テネシーの死体を見つめリュウは目を丸くする。

二人の言葉に対して、サシャは顔を伏せ、小さく首を縦に振る。


「はい…」

サシャはどこかバツが悪そうに呟く。

罪悪感が顔に浮かぶ。


「…そうか。まぁ、正当防衛だ。これは仕方ないな」

イワンは納得したように頷く。

状況を考慮し、正当防衛だと判断した。


「あと、もう一人の海賊…バランタインは…あそこから逃げました」

サシャは珊瑚礁の壁を指さす。


「あそこにも船着き場があったとは…今から船を回しても間に合わんか…」

イワンはそう呟くと舌打ちをした。

バランタインの逃走に苛立ちを見せていた。


「とにかく、今日の任務はお終いだ。
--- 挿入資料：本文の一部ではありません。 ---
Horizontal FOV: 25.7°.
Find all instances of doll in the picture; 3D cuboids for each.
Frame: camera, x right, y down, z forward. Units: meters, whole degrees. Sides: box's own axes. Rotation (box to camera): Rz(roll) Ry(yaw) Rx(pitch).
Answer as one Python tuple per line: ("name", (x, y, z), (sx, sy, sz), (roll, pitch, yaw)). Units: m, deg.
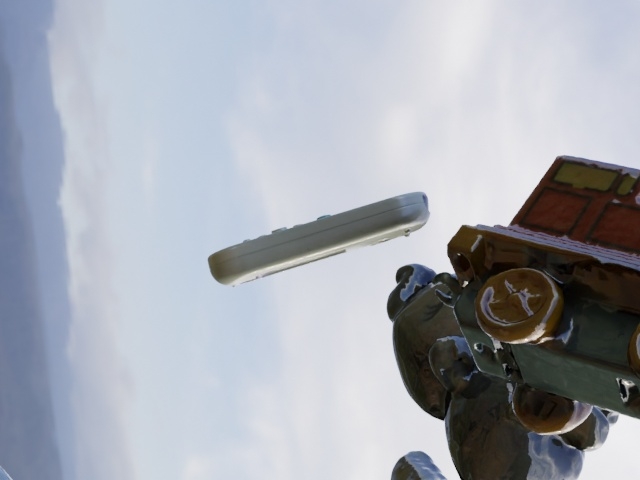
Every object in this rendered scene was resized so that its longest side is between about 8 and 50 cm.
("doll", (0.163, 0.209, 1.717), (0.378, 0.252, 0.382), (-48, -151, 14))

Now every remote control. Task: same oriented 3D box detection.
("remote control", (0.000, 0.000, 1.350), (0.078, 0.221, 0.042), (68, 6, -83))

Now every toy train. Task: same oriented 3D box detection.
("toy train", (0.268, 0.054, 1.212), (0.369, 0.231, 0.163), (15, -32, 36))

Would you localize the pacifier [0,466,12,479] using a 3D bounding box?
("pacifier", (-0.271, 0.120, 0.655), (0.207, 0.279, 0.227), (-109, -159, -60))

捜索チームを島に残して、いったん、魔導船に戻るぞ」

イワンはサシャとリュウに指示する。


「…リュウ。僕…人を…ただ、なんとかして捕まえようとしただけなのに…」

サシャはアリアの肩をリュウに預け、リュウに何か言いたげな表情を見せる。

その顔には人を殺してしまったが故の深い罪悪感が現れていた。


「気にするな、サシャ…。これは戦いだった…予期せぬことだってある」

リュウもアリアの肩を抱えながら、サシャの言葉を聞き、優しく答える。

そして、サシャ達は重い空気の中、イワンに続いて砦を後にした。